**Assignment**
Every line below that has "PROJECT" in it should be copied.

**Supplied entries**
■ ■ ■
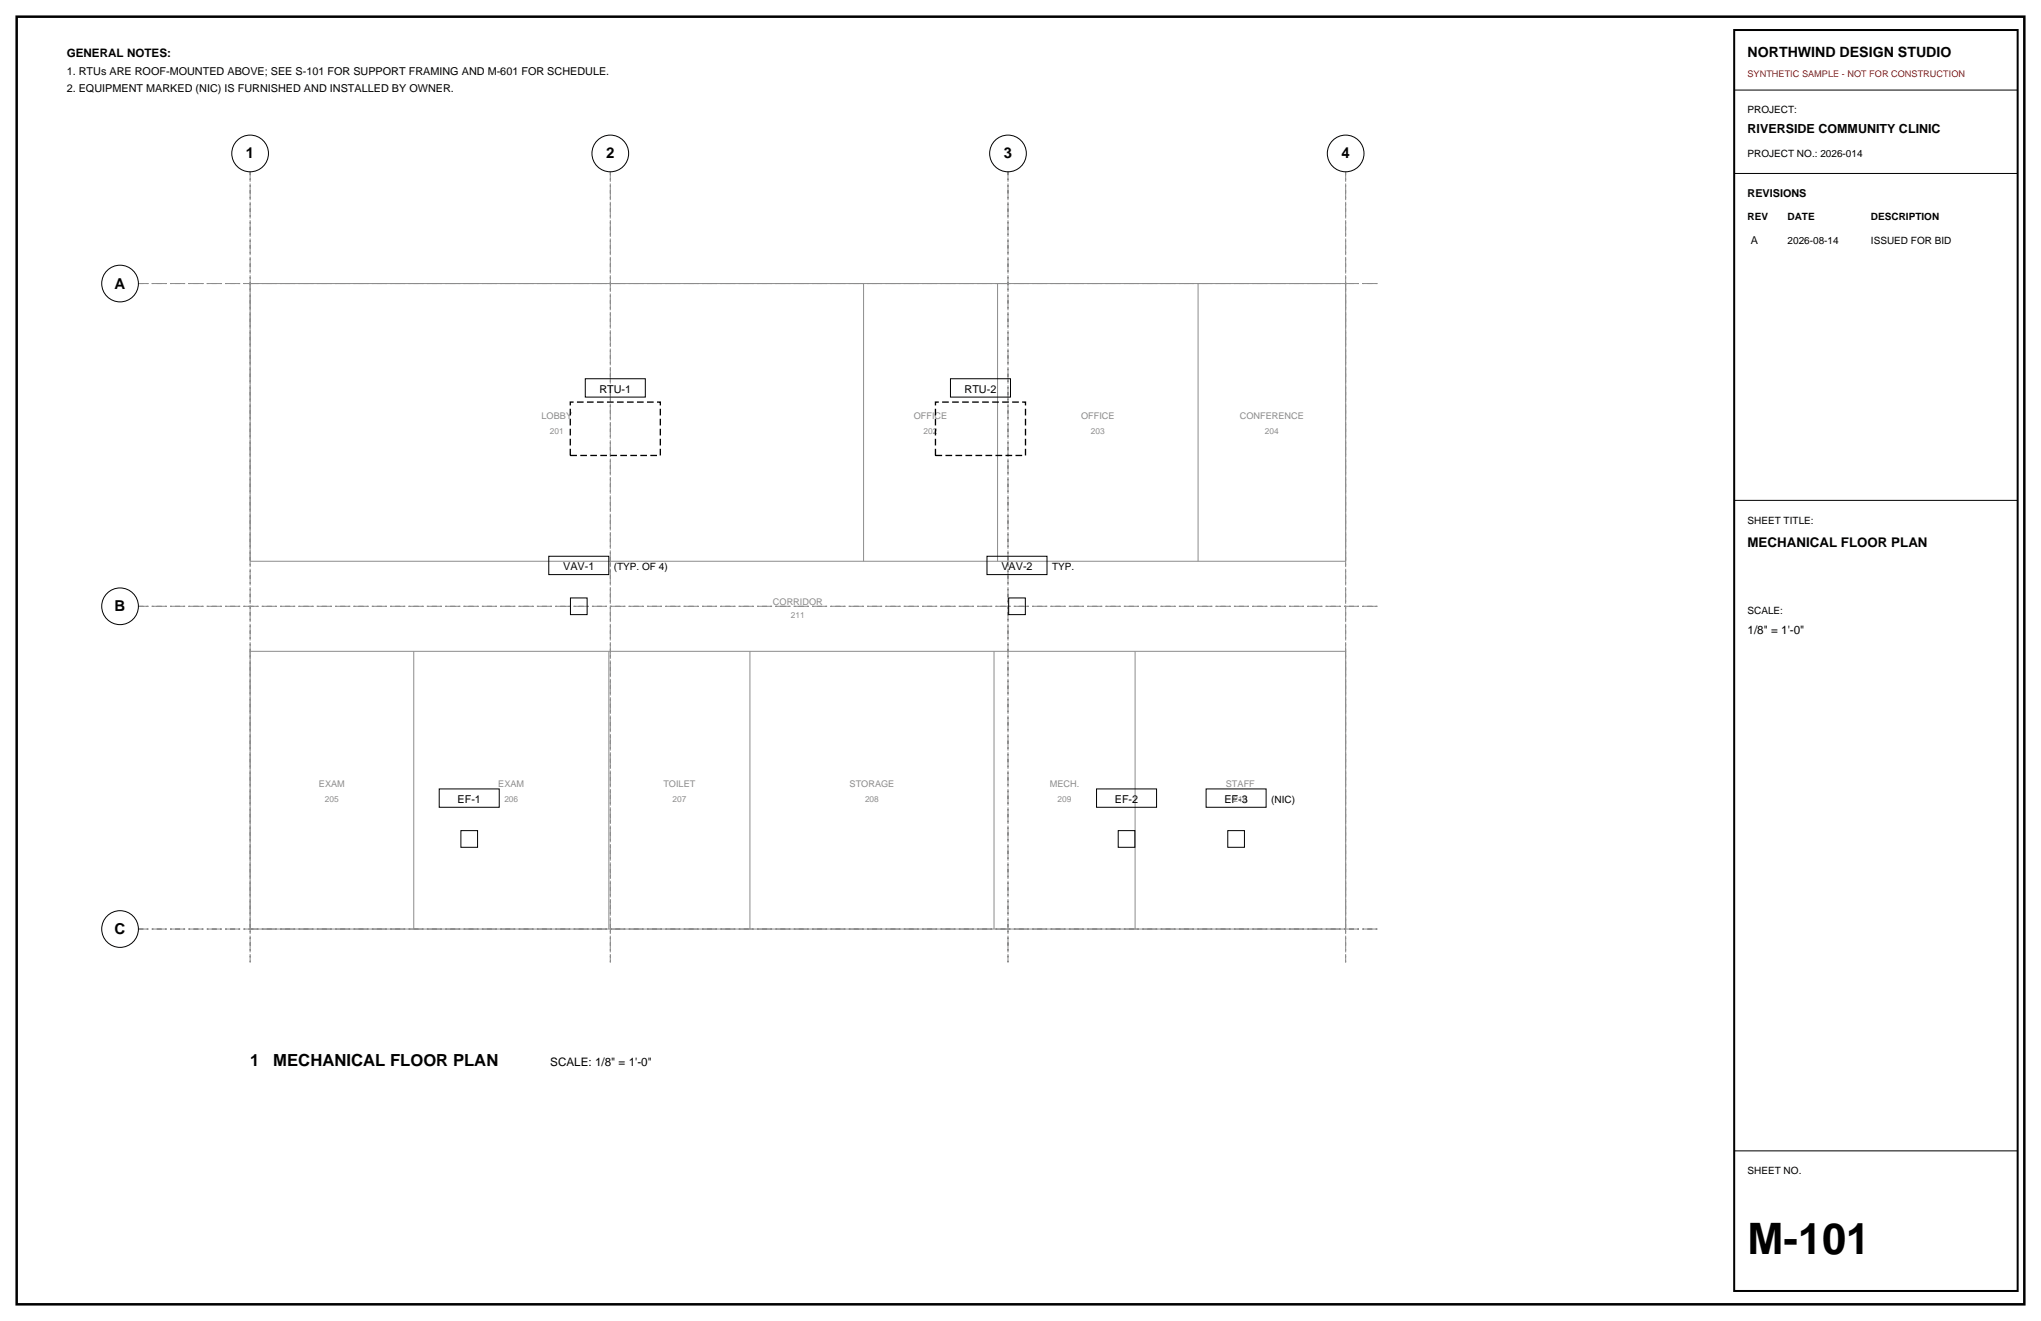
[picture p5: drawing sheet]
<svg xmlns="http://www.w3.org/2000/svg" width="432mm" height="279mm" viewBox="0 0 432 279" stroke-linecap="round" stroke-linejoin="round" font-family="sans-serif">
<defs><g id="words">
<text font-size="9.2" x="369.7" y="265.3">M-101</text>
<g font-size="3.5">
<text x="52.9" y="225.4">1</text>
<text x="57.8" y="225.4">MECHANICAL FLOOR PLAN</text>
</g>
<g font-size="3.2">
<text x="52" y="33.5">1</text>
<text x="128.2" y="33.5">2</text>
<text x="212.4" y="33.5">3</text>
<text x="283.8" y="33.5">4</text>
<text x="24.3" y="61">A</text>
<text x="24.3" y="129.3">B</text>
<text x="24.3" y="197.6">C</text>
</g>
<text font-size="3" x="369.7" y="12">NORTHWIND DESIGN STUDIO</text>
<text font-size="2.8" x="369.7" y="115.7">MECHANICAL FLOOR PLAN</text>
<text font-size="2.6" x="369.7" y="28.2">RIVERSIDE COMMUNITY CLINIC</text>
<g font-size="2.5">
<text x="14.1" y="12">GENERAL NOTES:</text>
<text x="369.7" y="134.1">1/8&quot; = 1'-0&quot;</text>
<text x="116.4" y="225.4">SCALE: 1/8&quot; = 1'-0&quot;</text>
</g>
<g font-size="2.3">
<text x="14.1" y="15.9">1. RTUs ARE ROOF-MOUNTED ABOVE; SEE S-101 FOR SUPPORT FRAMING AND M-601 FOR SCHEDULE.</text>
<text x="14.1" y="19.4">2. EQUIPMENT MARKED (NIC) IS FURNISHED AND INSTALLED BY OWNER.</text>
<text x="369.7" y="41.6">REVISIONS</text>
<text x="370.4" y="51.5">A</text>
<text x="126.8" y="83.1">RTU-1</text>
<text x="204.1" y="83.1">RTU-2</text>
<text x="119.1" y="120.7">VAV-1</text>
<text x="211.8" y="120.7">VAV-2</text>
<text x="96.8" y="169.9">EF-1</text>
<text x="235.9" y="169.9">EF-2</text>
<text x="259" y="169.9">EF-3</text>
</g>
<g font-size="2.1">
<text x="369.7" y="24">PROJECT:</text>
<text x="369.7" y="33.2">PROJECT NO.: 2026-014</text>
<text x="369.7" y="46.6">REV</text>
<text x="378.2" y="46.6">DATE</text>
<text x="395.8" y="46.6">DESCRIPTION</text>
<text x="378.2" y="51.5">2026-08-14</text>
<text x="395.8" y="51.5">ISSUED FOR BID</text>
<text x="369.7" y="110.8">SHEET TITLE:</text>
<text x="129.9" y="120.7">(TYP. OF 4)</text>
<text x="222.6" y="120.7">TYP.</text>
<text x="369.7" y="129.8">SCALE:</text>
<text x="268.9" y="169.9">(NIC)</text>
<text x="369.7" y="248.4">SHEET NO.</text>
</g>
<text font-size="1.9" fill="#d90d0d" x="369.7" y="16.2">SYNTHETIC SAMPLE - NOT FOR CONSTRUCTION</text>
<g font-size="1.9" fill="#8c8c8c">
<text x="114.6" y="88.6">LOBBY</text>
<text x="193.3" y="88.6">OFFICE</text>
<text x="228.7" y="88.6">OFFICE</text>
<text x="262.3" y="88.6">CONFERENCE</text>
<text x="163.5" y="127.9">CORRIDOR</text>
<text x="67.5" y="166.4">EXAM</text>
<text x="105.4" y="166.4">EXAM</text>
<text x="140.3" y="166.4">TOILET</text>
<text x="179.7" y="166.4">STORAGE</text>
<text x="222.1" y="166.4">MECH.</text>
<text x="259.3" y="166.4">STAFF</text>
</g>
<g font-size="1.8" fill="#8c8c8c">
<text x="116.3" y="91.8">201</text>
<text x="195.4" y="91.8">202</text>
<text x="230.8" y="91.8">203</text>
<text x="267.6" y="91.8">204</text>
<text x="167.3" y="130.7">211</text>
<text x="68.8" y="169.6">205</text>
<text x="106.7" y="169.6">206</text>
<text x="142.3" y="169.6">207</text>
<text x="183" y="169.6">208</text>
<text x="223.8" y="169.6">209</text>
<text x="260.9" y="169.6">210</text>
</g>
</g></defs>
<path d="M3.5 3.5h424.8v272.4h-424.8z" fill="none" stroke="#000" stroke-width=".53"/>
<path d="M52.9 36.3v167.3zM129.1 36.3v167.3zM213.3 36.3v167.3zM284.7 36.3v167.3zM29.3 60h262.4zM29.3 128.2h262.4zM29.3 196.5h262.4z" fill="none" stroke="#8c8c8c" stroke-width=".21" stroke-dasharray="2.1 .7 .4 .7" stroke-linecap="butt"/>
<g fill="none" stroke="#000" stroke-width=".21">
<path d="M366.9 19.1h60zM366.9 36.7h60zM123.8 80.1h12.7v3.9h-12.7zM201.1 80.1h12.7v3.9h-12.7zM116.1 117.7h12.7v3.8h-12.7zM208.8 117.7h12.7v3.8h-12.7zM366.9 105.8h60zM120.7 126.5h3.5v3.5h-3.5zM213.4 126.5h3.5v3.5h-3.5zM92.9 166.9h12.7v3.8h-12.7zM97.5 175.7h3.5v3.5h-3.5zM232 166.9h12.7v3.8h-12.7z"/>
<path d="M236.6 175.7h3.5v3.5h-3.5zM255.2 166.9h12.7v3.8h-12.7zM259.8 175.7h3.5v3.5h-3.5zM366.9 243.4h60z"/>
<circle cx="52.9" cy="32.5" r="3.9"/>
<circle cx="129.1" cy="32.5" r="3.9"/>
<circle cx="213.3" cy="32.5" r="3.9"/>
<circle cx="284.7" cy="32.5" r="3.9"/>
<circle cx="25.4" cy="60" r="3.9"/>
<circle cx="25.4" cy="128.2" r="3.9"/>
<circle cx="25.4" cy="196.5" r="3.9"/>
</g>
<g fill="none" stroke="#8c8c8c" stroke-width=".21">
<path d="M52.9 60h231.8zM52.9 60v58.7zM182.7 60v58.7zM211 60v58.7zM253.5 60v58.7zM284.7 60v58.7zM52.9 118.7h231.8zM52.9 137.8v58.7zM52.9 137.8h231.8zM87.5 137.8v58.7zM128.8 137.8v58.7zM158.7 137.8v58.7z"/>
<path d="M210.3 137.8v58.7zM240.1 137.8v58.7zM284.7 137.8v58.7zM52.9 196.5h231.8z"/>
</g>
<path d="M120.6 85h19.1v11.3h-19.1zM197.9 85h19.1v11.3h-19.1z" fill="none" stroke="#000" stroke-width=".28" stroke-dasharray="1.4 .7" stroke-linecap="butt"/>
<path d="M366.9 6.4h60v266.6h-60z" fill="none" stroke="#000" stroke-width=".42"/>
<use href="#words"/>
</svg>
■ ■ ■
**Expected answer**
<text x="369.7" y="24">PROJECT:</text>
<text x="369.7" y="33.2">PROJECT NO.: 2026-014</text>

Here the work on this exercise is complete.